====== SOURCE MATERIAL

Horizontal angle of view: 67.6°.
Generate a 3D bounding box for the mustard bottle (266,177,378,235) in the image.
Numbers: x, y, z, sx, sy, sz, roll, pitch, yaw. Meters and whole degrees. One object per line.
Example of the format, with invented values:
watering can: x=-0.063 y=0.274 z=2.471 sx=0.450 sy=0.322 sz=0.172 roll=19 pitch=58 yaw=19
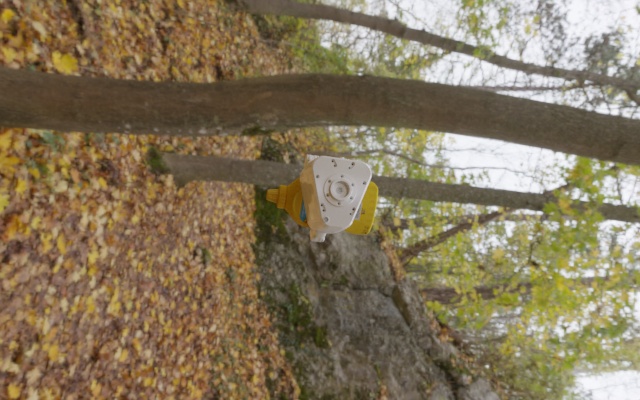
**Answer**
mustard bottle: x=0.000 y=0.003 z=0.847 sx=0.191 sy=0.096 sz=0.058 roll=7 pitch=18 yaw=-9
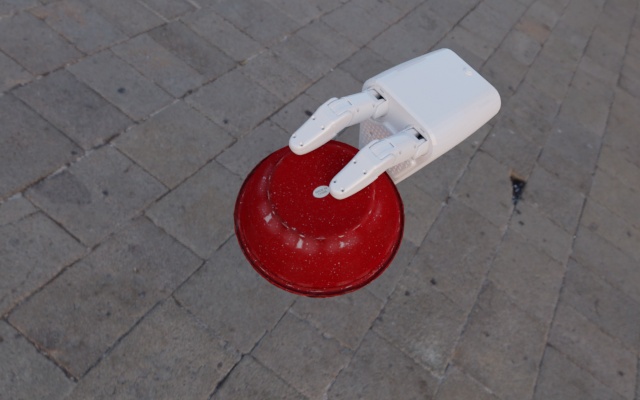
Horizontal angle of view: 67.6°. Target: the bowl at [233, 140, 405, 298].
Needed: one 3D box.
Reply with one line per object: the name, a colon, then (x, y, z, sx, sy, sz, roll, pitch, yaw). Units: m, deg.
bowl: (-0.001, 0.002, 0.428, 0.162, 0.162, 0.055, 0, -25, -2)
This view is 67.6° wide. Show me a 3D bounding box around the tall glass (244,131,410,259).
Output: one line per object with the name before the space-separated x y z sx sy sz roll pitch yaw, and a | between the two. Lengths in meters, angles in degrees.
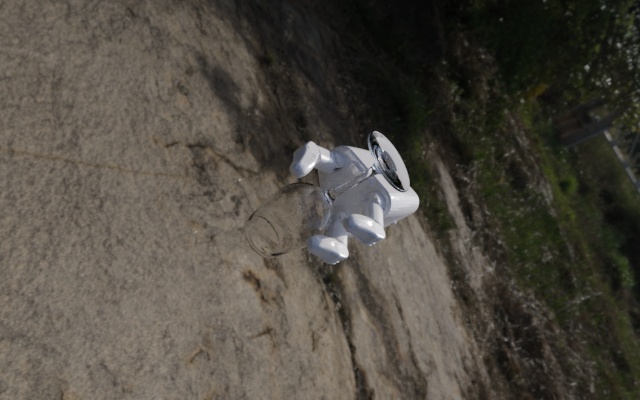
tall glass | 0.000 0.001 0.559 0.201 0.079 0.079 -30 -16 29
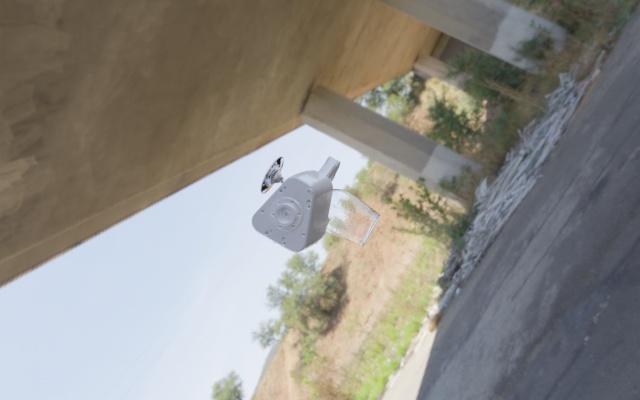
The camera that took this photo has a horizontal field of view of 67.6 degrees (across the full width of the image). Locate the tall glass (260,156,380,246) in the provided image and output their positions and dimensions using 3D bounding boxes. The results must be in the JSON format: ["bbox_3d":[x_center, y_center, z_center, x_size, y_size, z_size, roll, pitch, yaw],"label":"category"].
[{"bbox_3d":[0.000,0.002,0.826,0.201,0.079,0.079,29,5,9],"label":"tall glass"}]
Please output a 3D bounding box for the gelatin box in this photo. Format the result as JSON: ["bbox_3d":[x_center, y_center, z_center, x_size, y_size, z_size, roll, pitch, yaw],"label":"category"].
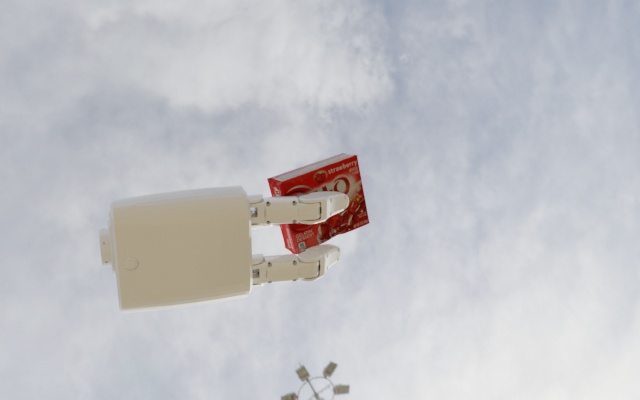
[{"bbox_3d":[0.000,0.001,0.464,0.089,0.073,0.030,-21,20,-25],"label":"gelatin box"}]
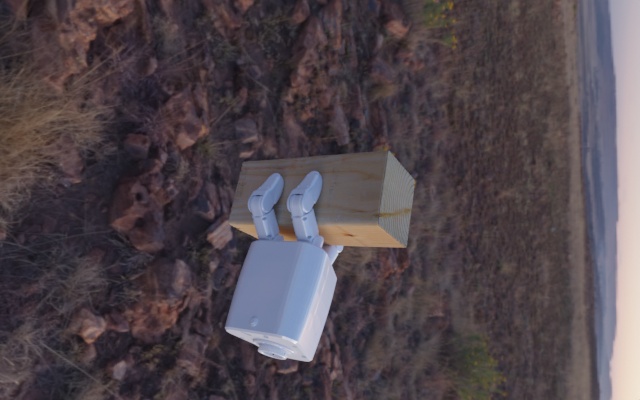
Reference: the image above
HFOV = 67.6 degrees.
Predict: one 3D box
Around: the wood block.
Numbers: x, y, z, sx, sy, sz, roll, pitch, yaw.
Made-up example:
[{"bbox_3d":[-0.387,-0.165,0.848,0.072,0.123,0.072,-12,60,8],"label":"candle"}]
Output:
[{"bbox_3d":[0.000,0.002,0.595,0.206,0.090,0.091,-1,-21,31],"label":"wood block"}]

============

ABOUT THIS TASK → Report every line in the data above in which the word "Numbers" appears.

FINISHED TASK →
Numbers: x, y, z, sx, sy, sz, roll, pitch, yaw. Meters and whole degrees. One object per line.
Numbers: x, y, z, sx, sy, sz, roll, pitch, yaw.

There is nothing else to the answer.